Page 125 of Red Demon
I stared in mute horror at Mahakal, my breath catching in my throat. “Have you touched her?”
I could have drowned in despair at Mahakal’s smile. “Would you want to touch that, Kane?”
Kane huffed.
Turning back to me, arms crossed, Mahakal said, “I give my squad first choice of the spoils: traitors whose code is more virtuous than their deeds. No takers on your friend, I’m afraid, although I don’t mind offering my feral dog the scraps.”
I felt the weight of his gaze as I watched the screen. The guard kicked Ruan again and again. Her snarls grew guttural, a wounded animal cornered. I clenched my fist, and forced myself to watch, to not leave her alone by closing my eyes.
“I’ll give you a chance to save her and her line,” Mahakal said, his voice dropping to a low murmur. “If you’d like, we’ll move your chains to her cell. Breed the bitch, or if you prefer, we’ll kill her.”
I dry heaved, tears stinging my eyes. “No.” My world narrowed to the screen, Ruan’s snarls and screams distorted through the speakers.
“As you wish,” Mahakal said, a laugh in his voice. Mahakal picked up the tablet, typing, taking a moment to give me a broad grin before turning it around.
Another video feed; another cell. I recognized the vivid red hair, golden skin; the maze of intricate scars etching a map across her sleeping face.
No.
There was no hiding my reaction.
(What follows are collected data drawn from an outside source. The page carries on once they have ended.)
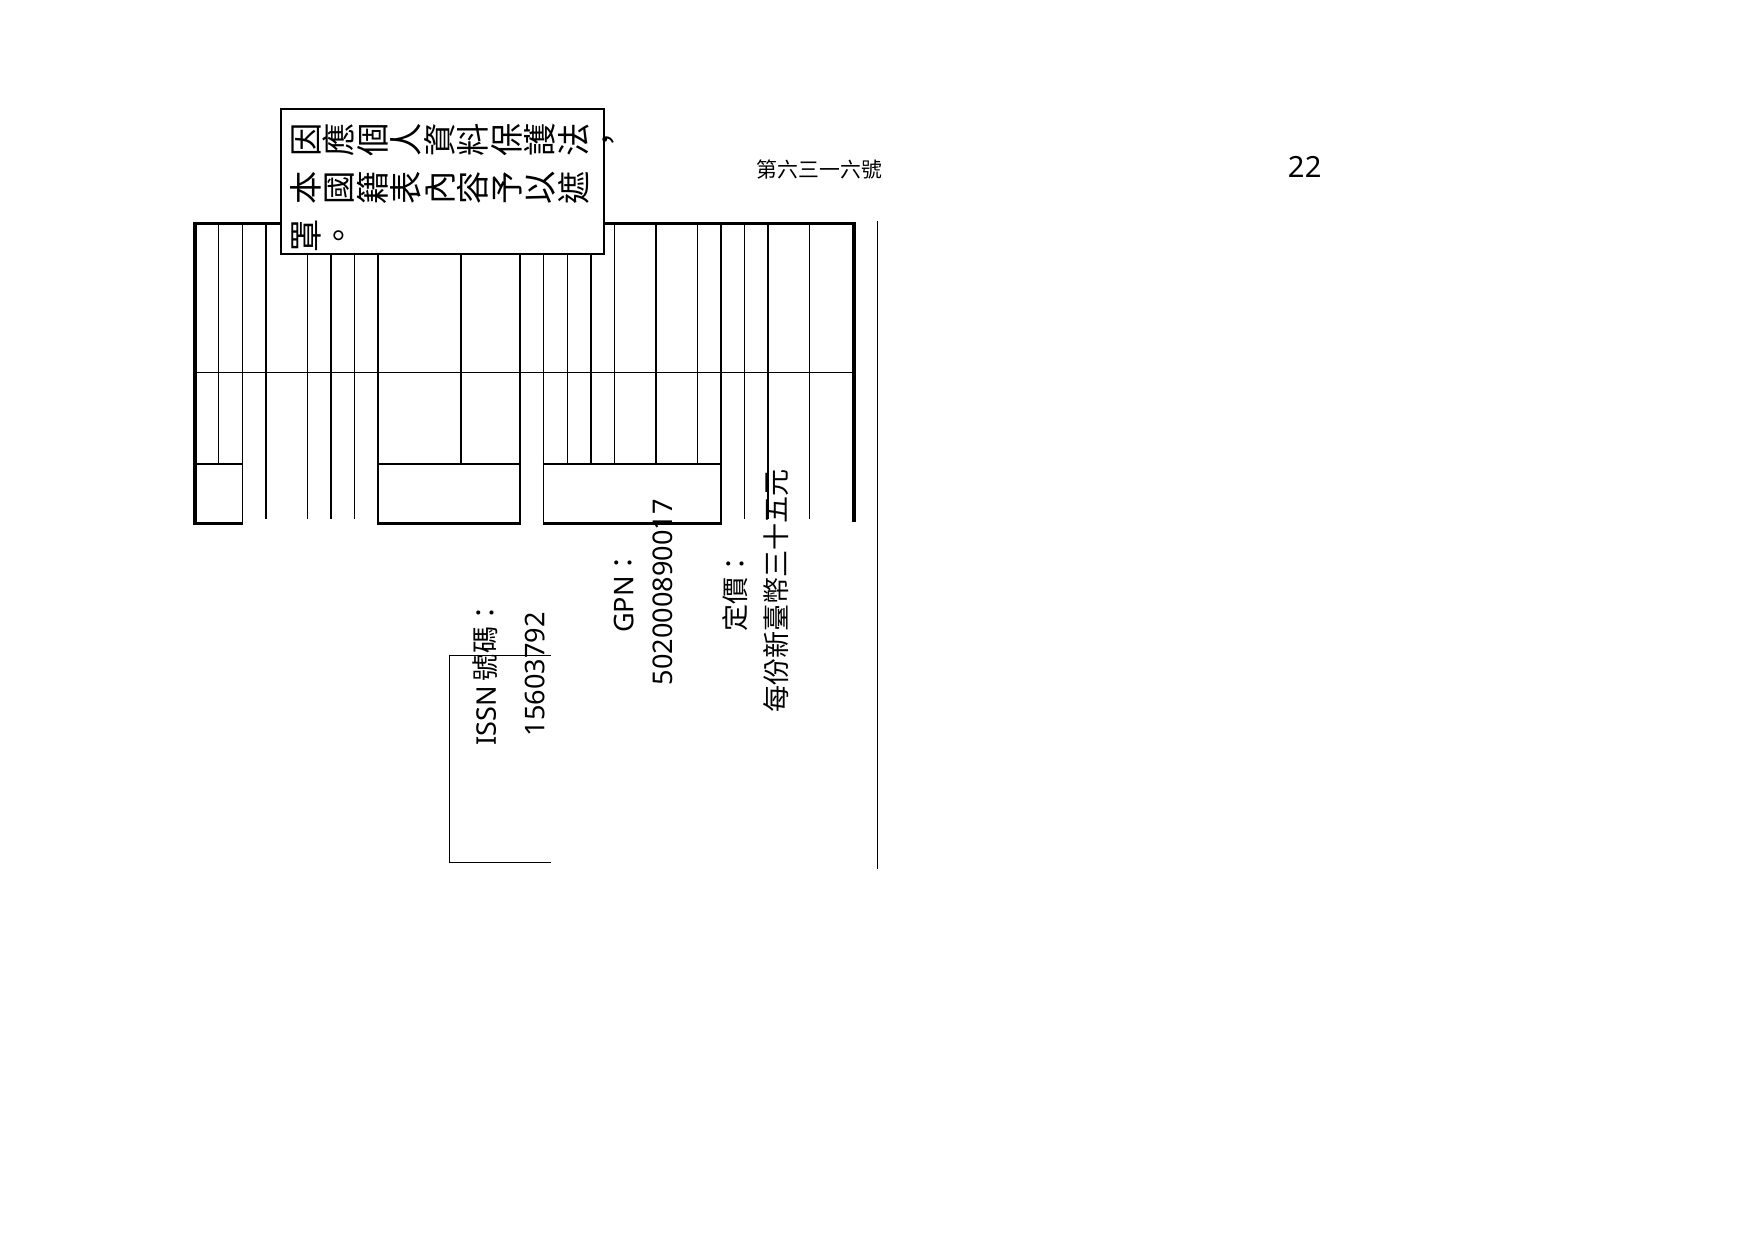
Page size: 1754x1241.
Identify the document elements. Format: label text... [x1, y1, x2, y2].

table_cell [521, 373, 543, 522]
table_cell [197, 465, 242, 522]
table_cell [810, 373, 852, 522]
table_cell [197, 373, 218, 463]
table_header [568, 255, 590, 372]
table_header [544, 255, 567, 372]
table_cell [592, 373, 614, 463]
table_cell [615, 373, 655, 463]
table_header [243, 225, 265, 372]
table_header [527, 647, 542, 654]
table_header [355, 255, 377, 372]
table_header [551, 573, 587, 862]
table_header [670, 573, 699, 862]
table_header [449, 573, 500, 654]
table_cell [219, 373, 242, 463]
table_header [219, 225, 242, 372]
table_header 定價： [699, 573, 741, 862]
table_cell [568, 373, 590, 463]
table_cell [331, 373, 354, 522]
table_cell [776, 504, 785, 513]
table_header 502000890017 [628, 573, 669, 862]
table_header [267, 225, 307, 372]
table_header GPN： [587, 573, 628, 862]
table_header [379, 255, 460, 372]
table_header 每份新臺幣三十五元 [741, 573, 782, 862]
table_cell [698, 373, 720, 463]
table_header [657, 225, 697, 372]
table_cell [379, 373, 460, 463]
table_cell [544, 373, 567, 463]
table_header [769, 225, 809, 372]
table_cell [544, 465, 720, 522]
table_header [698, 225, 720, 372]
table_cell ISSN號碼： [450, 656, 500, 862]
table_cell 15603792 [500, 656, 551, 862]
table_header [521, 255, 543, 372]
table_header [615, 225, 655, 372]
table_cell [307, 373, 331, 522]
table_header [745, 225, 767, 372]
table_cell [379, 465, 519, 522]
table_header [722, 225, 744, 372]
table_header [197, 225, 218, 372]
table_header [308, 255, 330, 372]
table_cell [355, 373, 377, 522]
table_cell [462, 373, 519, 463]
table_header [462, 255, 519, 372]
table_cell [745, 373, 768, 522]
table_header [332, 255, 354, 372]
table_cell [266, 373, 307, 522]
table_header [810, 225, 852, 372]
table_header [592, 225, 614, 372]
table_header [500, 573, 551, 654]
table_cell [768, 373, 809, 522]
table_cell [722, 373, 744, 522]
table_cell [243, 373, 266, 522]
table_cell [657, 373, 697, 463]
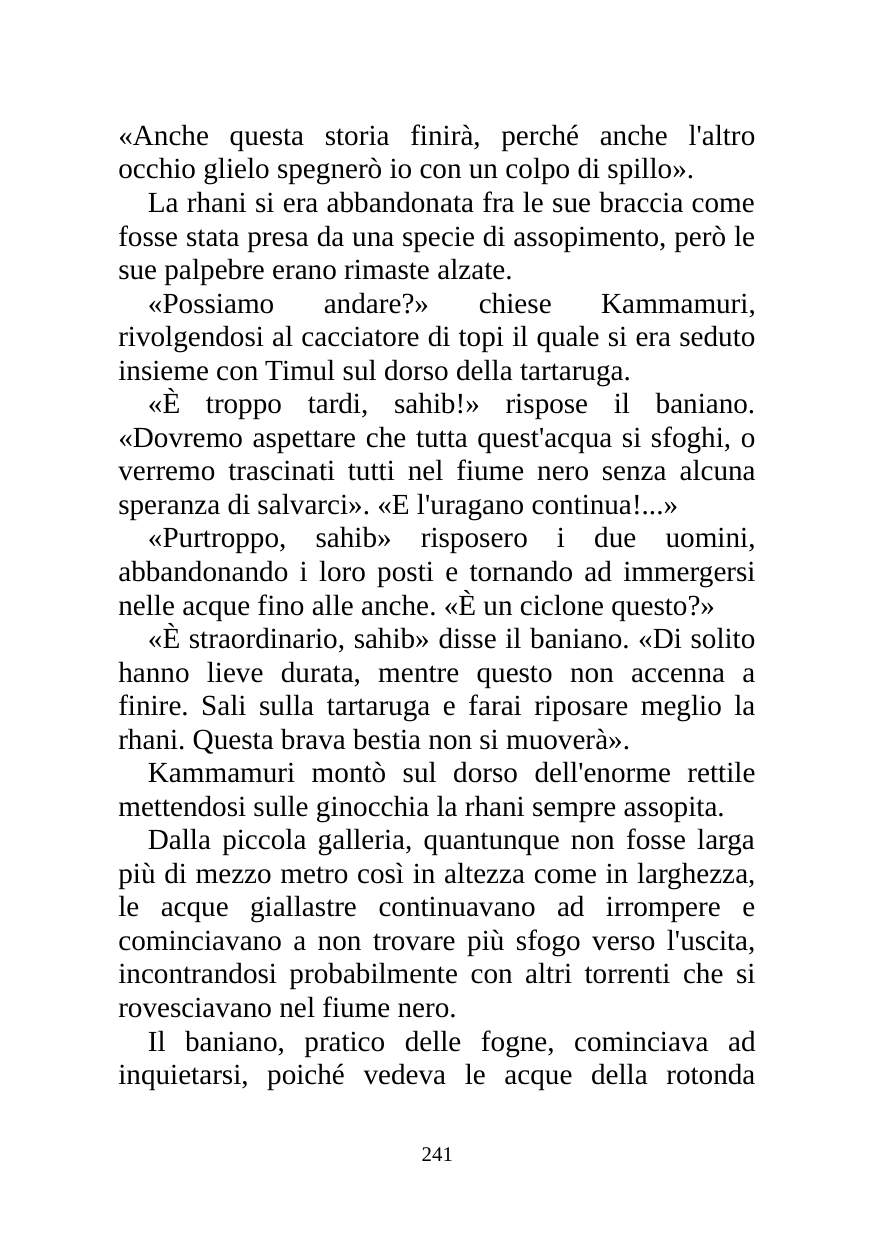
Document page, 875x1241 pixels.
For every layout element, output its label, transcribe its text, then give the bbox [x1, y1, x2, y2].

text «Purtroppo, sahib» risposero i due uomini, abbandonando i loro posti e tornando ad immergersi nelle acque fino alle anche. «È un ciclone questo?» [118, 521, 756, 621]
text «È straordinario, sahib» disse il baniano. «Di solito hanno lieve durata, mentre questo non accenna a finire. Sali sulla tartaruga e farai riposare meglio la rhani. Questa brava bestia non si muoverà». [118, 621, 756, 755]
text «Anche questa storia finirà, perché anche l'altro occhio glielo spegnerò io con un colpo di spillo». [118, 118, 756, 185]
text «Possiamo andare?» chiese Kammamuri, rivolgendosi al cacciatore di topi il quale si era seduto insieme con Timul sul dorso della tartaruga. [118, 286, 756, 386]
text La rhani si era abbandonata fra le sue braccia come fosse stata presa da una specie di assopimento, però le sue palpebre erano rimaste alzate. [118, 185, 756, 286]
text «È troppo tardi, sahib!» rispose il baniano. «Dovremo aspettare che tutta quest'acqua si sfoghi, o verremo trascinati tutti nel fiume nero senza alcuna speranza di salvarci». «E l'uragano continua!...» [118, 386, 756, 521]
text Kammamuri montò sul dorso dell'enorme rettile mettendosi sulle ginocchia la rhani sempre assopita. [118, 755, 756, 822]
text Dalla piccola galleria, quantunque non fosse larga più di mezzo metro così in altezza come in larghezza, le acque giallastre continuavano ad irrompere e cominciavano a non trovare più sfogo verso l'uscita, incontrandosi probabilmente con altri torrenti che si rovesciavano nel fiume nero. [118, 822, 756, 1024]
text Il baniano, pratico delle fogne, cominciava ad inquietarsi, poiché vedeva le acque della rotonda [118, 1024, 756, 1091]

Kane and Mahakal loomed, savoring my pain. From the looks of it, they’d already beaten her to the brink of death. All the air in my injured lungs left in a strangled gasp as I looked at the woman I loved, broken.
“How—”
Plan B failed too. Faruhar would track me to Mahakal’s lair, and the Underground would attack. There was no Plan C.
“See, friend,” Mahakal’s voice was soft, taunting in its tenderness. “As smart as you thought you were trying to sow division in my battalion, I am smarter.” He gestured toward the screen. “My ravens saw her coming. Their cortex is synched to command. I told you I wanted her too. I always take what I want.”
On the screen, Faruhar lay crumpled and vulnerable on the stone floor, her lip split with crusted blood.
“What did you do to her?” I demanded.
“Oh, look at that fire.” Mahakal’s voice was honeyed poison. “The mutt is not worth breeding. But she’ll be helpful to train you.”
This was it. I’d failed her. Faruhar’s breathing, shallow and uneven, was the only evidence of life. Shame burned in the depths of me, a black hole encroaching on my last vestiges of hope.
“Tell me,” Mahakal said with an intake of breath. “Do you believe she lives up to her name? Is she a demon to you?”
“No.” The truth slipped out, emptying me further.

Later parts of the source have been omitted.